— WORK INSTRUCTIONS —
Please restate each line of the material word for word and omit any pictures.

— DATA —

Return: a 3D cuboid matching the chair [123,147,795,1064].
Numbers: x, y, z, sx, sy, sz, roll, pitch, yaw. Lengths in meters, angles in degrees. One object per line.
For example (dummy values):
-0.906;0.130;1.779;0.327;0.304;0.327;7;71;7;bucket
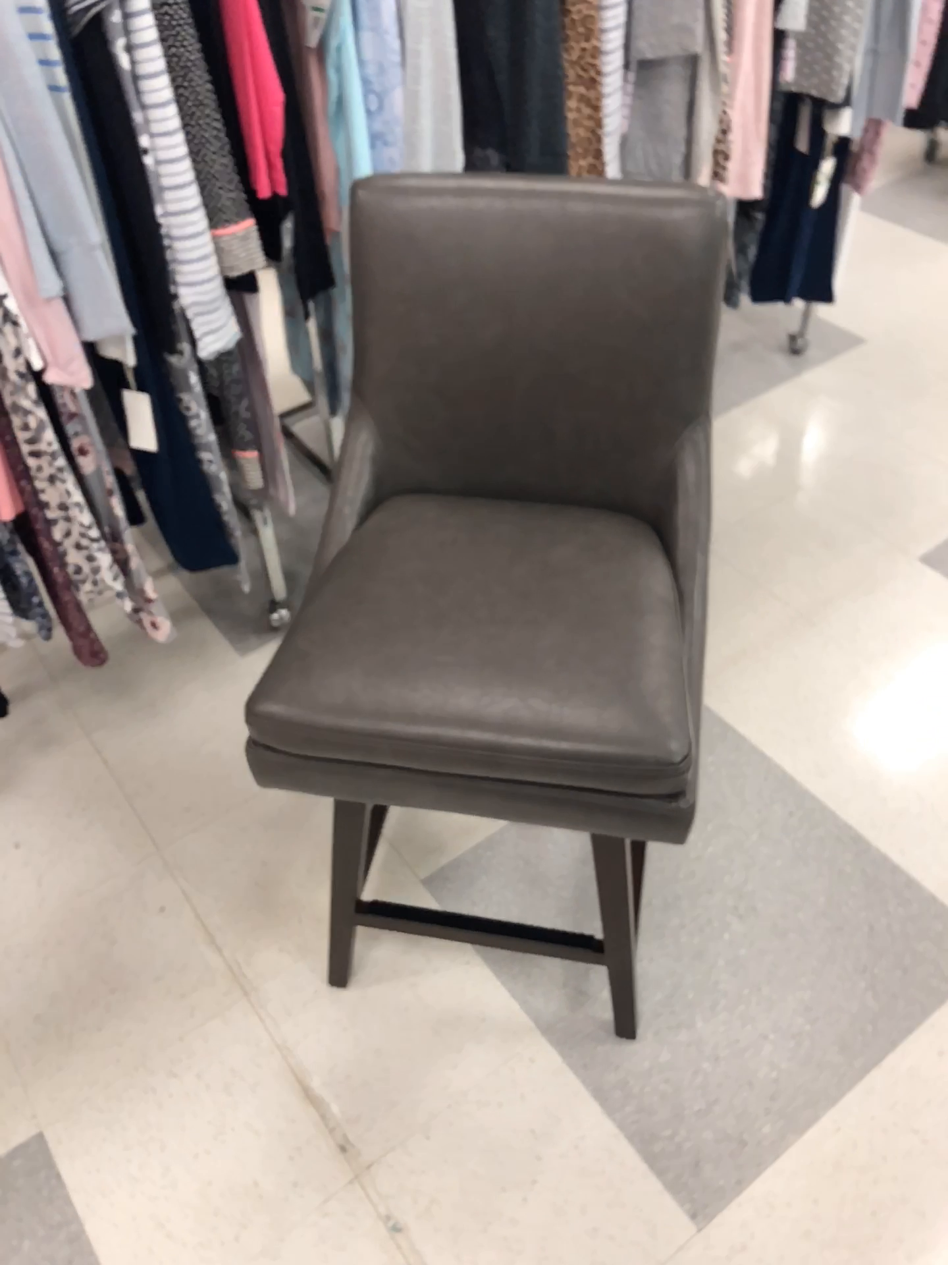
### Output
0.045;0.004;1.277;0.491;0.918;0.582;6;45;9;chair
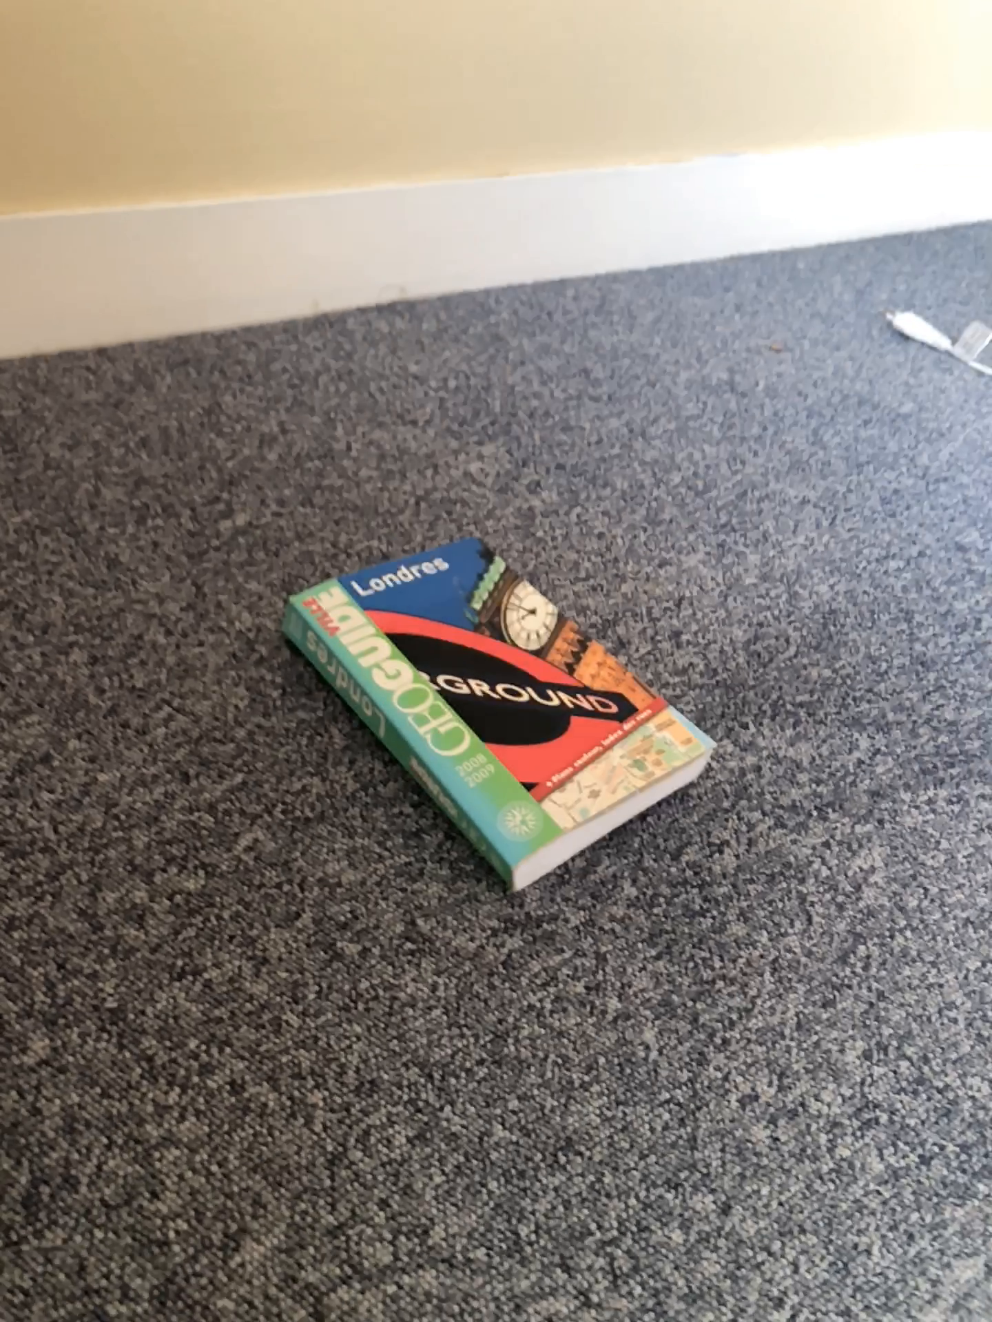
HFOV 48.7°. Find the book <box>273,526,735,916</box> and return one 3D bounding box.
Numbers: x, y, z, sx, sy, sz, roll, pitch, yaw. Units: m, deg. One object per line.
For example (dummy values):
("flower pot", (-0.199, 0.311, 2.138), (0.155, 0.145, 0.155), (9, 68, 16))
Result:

— TASK OUTPUT —
Return: a 3D cuboid matching the chair [123,147,795,1064].
Numbers: x, y, z, sx, sy, sz, roll, pitch, yaw. Lengths in meters, angles in degrees. One object per line.
For example (dummy values):
-0.906;0.130;1.779;0.327;0.304;0.327;7;71;7;bucket
### Output
0.045;0.004;1.277;0.491;0.918;0.582;6;45;9;chair
HFOV 48.7°. Find the book <box>273,526,735,916</box> and return one 3D bounding box.
Numbers: x, y, z, sx, sy, sz, roll, pitch, yaw. Units: m, deg. One object per line.
For example (dummy values):
("flower pot", (-0.199, 0.311, 2.138), (0.155, 0.145, 0.155), (9, 68, 16))
Result:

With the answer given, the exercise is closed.